# Mf 245 not moving



## Jakerobertson (9 mo ago)

I have a mf 245 ran fine parked over winter under a shelter,the pto and lift work fine it will switch gear when the clutch isn’t in and will roll while in gear when I start it it doesn’t move in any gear


----------



## LouNY (Dec 15, 2016)

When you stored it was the clutch pedal locked down to keep the clutch disc off the flywheel?
When you say it will switch gear when the clutch isn't in,
are you saying that with the engine running you can change gears with the clutch released?
Have you verified that all your clutch linkage is moving and returning when the clutch pedal is pushed and released.

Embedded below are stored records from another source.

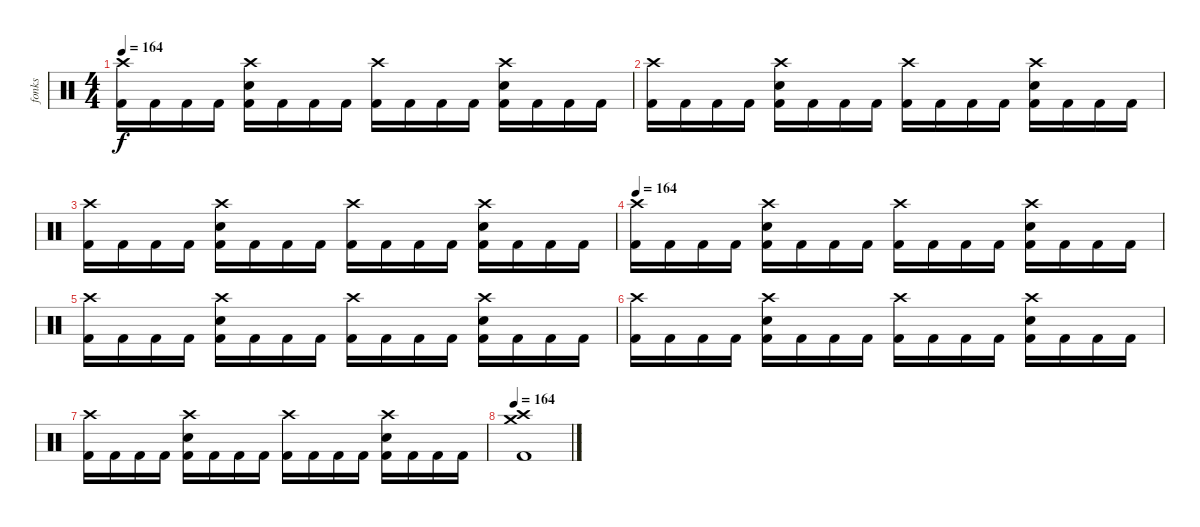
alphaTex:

\track ("fonks" "fonks") {instrument percussion}
\staff {score}
\articulation defaults
\ts (4 4)
\tempo 164
\clef neutral
\ks c
("Crash high (hit)" "Kick (hit) 2").16{dy f} "Kick (hit) 2".16 "Kick (hit) 2".16 "Kick (hit) 2".16 ("Crash high (hit)" "Snare (hit) 2" "Kick (hit) 2").16 "Kick (hit) 2".16 "Kick (hit) 2".16 "Kick (hit) 2".16 ("Crash high (hit)" "Kick (hit) 2").16 "Kick (hit) 2".16 "Kick (hit) 2".16 "Kick (hit) 2".16 ("Crash high (hit)" "Snare (hit) 2" "Kick (hit) 2").16 "Kick (hit) 2".16 "Kick (hit) 2".16 "Kick (hit) 2".16 |
("Crash high (hit)" "Kick (hit) 2").16 "Kick (hit) 2".16 "Kick (hit) 2".16 "Kick (hit) 2".16 ("Crash high (hit)" "Snare (hit) 2" "Kick (hit) 2").16 "Kick (hit) 2".16 "Kick (hit) 2".16 "Kick (hit) 2".16 ("Crash high (hit)" "Kick (hit) 2").16 "Kick (hit) 2".16 "Kick (hit) 2".16 "Kick (hit) 2".16 ("Crash high (hit)" "Snare (hit) 2" "Kick (hit) 2").16 "Kick (hit) 2".16 "Kick (hit) 2".16 "Kick (hit) 2".16 |
("Crash high (hit)" "Kick (hit) 2").16 "Kick (hit) 2".16 "Kick (hit) 2".16 "Kick (hit) 2".16 ("Crash high (hit)" "Snare (hit) 2" "Kick (hit) 2").16 "Kick (hit) 2".16 "Kick (hit) 2".16 "Kick (hit) 2".16 ("Crash high (hit)" "Kick (hit) 2").16 "Kick (hit) 2".16 "Kick (hit) 2".16 "Kick (hit) 2".16 ("Crash high (hit)" "Snare (hit) 2" "Kick (hit) 2").16 "Kick (hit) 2".16 "Kick (hit) 2".16 "Kick (hit) 2".16 |
\tempo 164
("Crash high (hit)" "Kick (hit) 2").16 "Kick (hit) 2".16 "Kick (hit) 2".16 "Kick (hit) 2".16 ("Crash high (hit)" "Snare (hit) 2" "Kick (hit) 2").16 "Kick (hit) 2".16 "Kick (hit) 2".16 "Kick (hit) 2".16 ("Crash high (hit)" "Kick (hit) 2").16 "Kick (hit) 2".16 "Kick (hit) 2".16 "Kick (hit) 2".16 ("Crash high (hit)" "Snare (hit) 2" "Kick (hit) 2").16 "Kick (hit) 2".16 "Kick (hit) 2".16 "Kick (hit) 2".16 |
("Crash high (hit)" "Kick (hit) 2").16 "Kick (hit) 2".16 "Kick (hit) 2".16 "Kick (hit) 2".16 ("Crash high (hit)" "Snare (hit) 2" "Kick (hit) 2").16 "Kick (hit) 2".16 "Kick (hit) 2".16 "Kick (hit) 2".16 ("Crash high (hit)" "Kick (hit) 2").16 "Kick (hit) 2".16 "Kick (hit) 2".16 "Kick (hit) 2".16 ("Crash high (hit)" "Snare (hit) 2" "Kick (hit) 2").16 "Kick (hit) 2".16 "Kick (hit) 2".16 "Kick (hit) 2".16 |
("Crash high (hit)" "Kick (hit) 2").16 "Kick (hit) 2".16 "Kick (hit) 2".16 "Kick (hit) 2".16 ("Crash high (hit)" "Snare (hit) 2" "Kick (hit) 2").16 "Kick (hit) 2".16 "Kick (hit) 2".16 "Kick (hit) 2".16 ("Crash high (hit)" "Kick (hit) 2").16 "Kick (hit) 2".16 "Kick (hit) 2".16 "Kick (hit) 2".16 ("Crash high (hit)" "Snare (hit) 2" "Kick (hit) 2").16 "Kick (hit) 2".16 "Kick (hit) 2".16 "Kick (hit) 2".16 |
("Crash high (hit)" "Kick (hit) 2").16 "Kick (hit) 2".16 "Kick (hit) 2".16 "Kick (hit) 2".16 ("Crash high (hit)" "Snare (hit) 2" "Kick (hit) 2").16 "Kick (hit) 2".16 "Kick (hit) 2".16 "Kick (hit) 2".16 ("Crash high (hit)" "Kick (hit) 2").16 "Kick (hit) 2".16 "Kick (hit) 2".16 "Kick (hit) 2".16 ("Crash high (hit)" "Snare (hit) 2" "Kick (hit) 2").16 "Kick (hit) 2".16 "Kick (hit) 2".16 "Kick (hit) 2".16 |
\tempo 164
("Crash medium (hit)" "Crash high (hit)" "Kick (hit) 2").1

It sounds like the pressure plate is not pressing the disc to the flywheel.


----------



## BigT (Sep 15, 2014)

Or maybe the hub is sheared out of the clutch disc


----------



## Jakerobertson (9 mo ago)

LouNY said:


> When you stored it was the clutch pedal locked down to keep the clutch disc off the flywheel?
> When you say it will switch gear when the clutch isn't in,
> are you saying that with the engine running you can change gears with the clutch released?
> Have you verified that all your clutch linkage is moving and returning when the clutch pedal is pushed and released.
> ...


the tractor will switch gears while running but wont move when it was stored the clutch was not pushed in


----------



## LouNY (Dec 15, 2016)

Sounds like the center of the clutch disc may be gone splines stripped or as Big T said the center broken out.
Or when you depressed the clutch pedal this spring it released from the disc but for some reason the pressure plate is not returning to position.
Do you have any place to get a visual check on things or split it and see.


----------